MAS-Orchestra: Understanding and Improving Multi-Agent Reasoning Through Holistic Orchestration and Controlled Benchmarks
Zixuan Ke, Yifei Ming, Austin Xu, Ryan Chin, Xuan-Phi Nguyen, Prathyusha Jwalapuram, Semih Yavuz, Caiming Xiong, Shafiq Joty
TL;DR
Mas-Orchestra reframes automatic multi-agent design as a training-time, function-calling reinforcement learning problem that enables holistic orchestration across sub-agents. It introduces DoM to control the allowed degree of coordination and MasBench, a five-axis benchmark to study when MAS outperform SAS. Empirical results show MAS gains are task-structure dependent, robust to adversarial inputs, and enhanced when orchestrators are instruction-tuned LLMs rather than purely reasoning models. Together, these contributions offer a principled framework for designing, evaluating, and deploying multi-agent systems with improved reasoning and robustness.
Abstract
While multi-agent systems (MAS) promise elevated intelligence through coordination of agents, current approaches to automatic MAS design under-deliver. Such shortcomings stem from two key factors: (1) methodological complexity - agent orchestration is performed using sequential, code-level execution that limits global system-level holistic reasoning and scales poorly with agent complexity - and (2) efficacy uncertainty - MAS are deployed without understanding if there are tangible benefits compared to single-agent systems (SAS). We propose MAS-Orchestra, a training-time framework that formulates MAS orchestration as a function-calling reinforcement learning problem with holistic orchestration, generating an entire MAS at once.
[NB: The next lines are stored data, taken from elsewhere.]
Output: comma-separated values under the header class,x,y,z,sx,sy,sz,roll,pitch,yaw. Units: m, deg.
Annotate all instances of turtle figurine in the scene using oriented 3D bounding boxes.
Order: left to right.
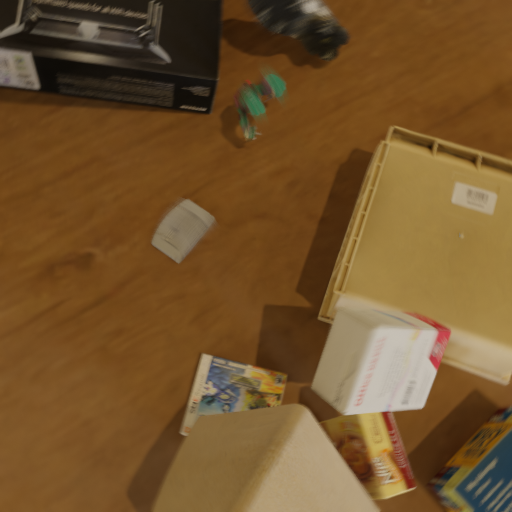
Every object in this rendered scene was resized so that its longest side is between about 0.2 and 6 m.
class,x,y,z,sx,sy,sz,roll,pitch,yaw
turtle figurine,-0.021,-2.299,8.489,0.671,1.333,0.998,27,87,-11

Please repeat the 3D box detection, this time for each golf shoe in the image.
class,x,y,z,sx,sy,sz,roll,pitch,yaw
golf shoe,0.569,-3.996,9.060,0.808,2.079,0.982,-40,40,29

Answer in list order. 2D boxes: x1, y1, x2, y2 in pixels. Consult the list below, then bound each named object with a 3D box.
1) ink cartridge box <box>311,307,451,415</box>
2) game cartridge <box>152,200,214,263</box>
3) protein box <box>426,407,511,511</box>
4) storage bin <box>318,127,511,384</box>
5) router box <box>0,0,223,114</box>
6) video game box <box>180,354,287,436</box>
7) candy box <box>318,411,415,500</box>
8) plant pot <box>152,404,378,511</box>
class,x,y,z,sx,sy,sz,roll,pitch,yaw
ink cartridge box,1.385,1.130,6.138,0.569,1.375,1.002,30,106,49
game cartridge,-1.150,-0.401,8.615,0.608,0.184,0.911,36,74,7
protein box,3.354,2.970,6.967,1.567,1.065,1.579,-40,75,-12
storage bin,2.682,-0.065,7.909,2.799,1.312,2.779,19,71,7
router box,-2.545,-4.129,9.056,3.993,1.043,3.140,6,71,-10
video game box,-0.297,2.042,7.711,1.238,0.290,1.128,13,74,4
candy box,1.161,2.438,6.837,0.454,1.642,0.948,-6,70,-23
plant pot,-0.065,2.946,5.955,1.905,1.907,1.689,56,46,-11
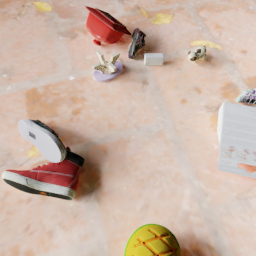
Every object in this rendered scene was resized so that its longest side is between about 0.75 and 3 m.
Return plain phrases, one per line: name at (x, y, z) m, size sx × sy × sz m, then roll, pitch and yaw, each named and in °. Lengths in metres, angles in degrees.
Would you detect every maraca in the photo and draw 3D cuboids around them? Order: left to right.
maraca at (0.681, 4.083, 8.131) m, size 1.746 × 1.362 × 2.546 m, roll 13°, pitch 58°, yaw 2°

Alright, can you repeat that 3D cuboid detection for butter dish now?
butter dish at (-1.173, -4.614, 13.342) m, size 1.990 × 1.475 × 1.995 m, roll 42°, pitch 25°, yaw 11°

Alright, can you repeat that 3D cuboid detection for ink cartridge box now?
ink cartridge box at (4.633, 0.556, 10.724) m, size 2.359 × 0.697 × 2.947 m, roll 12°, pitch 66°, yaw 6°

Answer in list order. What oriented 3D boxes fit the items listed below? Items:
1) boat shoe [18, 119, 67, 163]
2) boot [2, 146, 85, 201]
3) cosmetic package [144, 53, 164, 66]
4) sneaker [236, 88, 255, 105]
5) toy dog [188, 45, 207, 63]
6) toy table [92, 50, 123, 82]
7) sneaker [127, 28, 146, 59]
boat shoe at (-3.029, 0.326, 10.325) m, size 2.777 × 0.953 × 0.786 m, roll 30°, pitch 30°, yaw 34°
boot at (-2.950, 1.407, 10.021) m, size 2.593 × 0.939 × 1.870 m, roll 12°, pitch 59°, yaw -2°
cosmetic package at (1.198, -3.168, 12.949) m, size 0.850 × 0.480 × 0.345 m, roll -1°, pitch 48°, yaw -3°
sneaker at (5.438, -1.106, 11.650) m, size 1.619 × 0.629 × 1.132 m, roll -20°, pitch 60°, yaw -11°
toy dog at (3.160, -3.351, 12.874) m, size 0.899 × 0.871 × 0.627 m, roll -28°, pitch 83°, yaw -21°
toy table at (-0.926, -2.777, 12.517) m, size 1.359 × 0.866 × 1.478 m, roll 37°, pitch 67°, yaw 20°
sneaker at (0.488, -3.987, 13.336) m, size 0.689 × 0.641 × 1.596 m, roll 21°, pitch 77°, yaw -19°
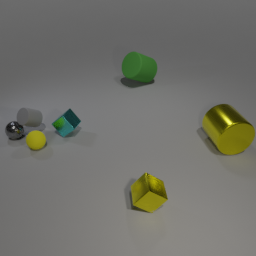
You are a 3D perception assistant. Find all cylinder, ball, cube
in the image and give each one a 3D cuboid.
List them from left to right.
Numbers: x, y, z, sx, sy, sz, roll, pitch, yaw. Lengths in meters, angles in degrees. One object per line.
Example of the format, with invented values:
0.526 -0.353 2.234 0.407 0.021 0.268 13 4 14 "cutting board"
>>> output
-4.398 0.084 10.871 0.700 0.700 0.700 0 32 0 "ball"
-3.829 -0.408 10.913 0.700 0.700 0.700 21 5 30 "cylinder"
-3.386 0.443 10.299 0.700 0.700 0.700 0 32 0 "ball"
-2.416 -0.209 11.027 0.700 0.700 0.700 -31 16 29 "cube"
0.617 -3.226 14.987 1.400 1.400 1.400 4 20 -48 "cylinder"
0.582 1.813 7.847 0.700 0.700 0.700 30 27 -25 "cube"
3.642 0.032 10.264 1.400 1.400 1.400 -6 33 -9 "cylinder"
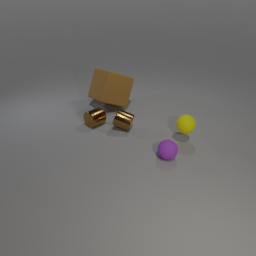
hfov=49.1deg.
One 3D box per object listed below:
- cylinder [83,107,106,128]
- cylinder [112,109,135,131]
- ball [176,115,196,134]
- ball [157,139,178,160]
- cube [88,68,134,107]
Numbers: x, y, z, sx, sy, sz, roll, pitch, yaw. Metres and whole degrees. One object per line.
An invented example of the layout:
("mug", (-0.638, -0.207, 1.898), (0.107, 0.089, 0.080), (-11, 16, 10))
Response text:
("cylinder", (-1.382, -0.437, 11.703), (0.700, 0.700, 0.700), (25, 38, 37))
("cylinder", (-0.181, -0.333, 11.321), (0.700, 0.700, 0.700), (23, 32, 2))
("ball", (2.132, -0.136, 10.313), (0.700, 0.700, 0.700), (0, 29, 0))
("ball", (1.359, 0.741, 9.579), (0.700, 0.700, 0.700), (0, 29, 0))
("cube", (-0.803, -1.877, 12.993), (1.400, 1.400, 1.400), (8, 11, -38))
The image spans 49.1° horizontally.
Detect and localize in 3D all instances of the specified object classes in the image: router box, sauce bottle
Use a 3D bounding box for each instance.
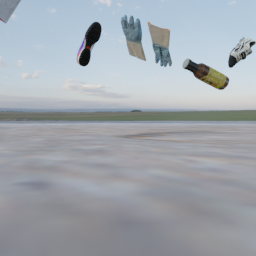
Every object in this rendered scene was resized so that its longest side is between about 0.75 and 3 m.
[{"bbox_3d":[-2.900,-3.477,6.640,0.384,1.573,1.412,32,-1,-2],"label":"router box"},{"bbox_3d":[2.302,-1.615,8.334,1.528,0.494,0.494,21,-6,-21],"label":"sauce bottle"}]

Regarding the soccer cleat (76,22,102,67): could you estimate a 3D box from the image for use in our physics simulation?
[{"bbox_3d":[-1.754,-3.658,12.112,0.670,1.965,0.719,14,15,-36],"label":"soccer cleat"}]

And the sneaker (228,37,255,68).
[{"bbox_3d":[3.317,-2.186,8.138,0.477,1.078,0.399,28,-9,42],"label":"sneaker"}]

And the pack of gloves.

In MAS-Orchestra, complex, goal-oriented sub-agents are abstracted as callable functions, enabling global reasoning over system structure while hiding internal execution details. To rigorously study when and why MAS are beneficial, we introduce MASBENCH, a controlled benchmark that characterizes tasks along five axes: Depth, Horizon, Breadth, Parallel, and Robustness. Our analysis reveals that MAS gains depend critically on task structure, verification protocols, and the capabilities of both orchestrator and sub-agents, rather than holding universally. Guided by these insights, MAS-Orchestra achieves consistent improvements on public benchmarks including mathematical reasoning, multi-hop QA, and search-based QA. Together, MAS-Orchestra and MASBENCH enable better training and understanding of MAS in the pursuit of multi-agent intelligence.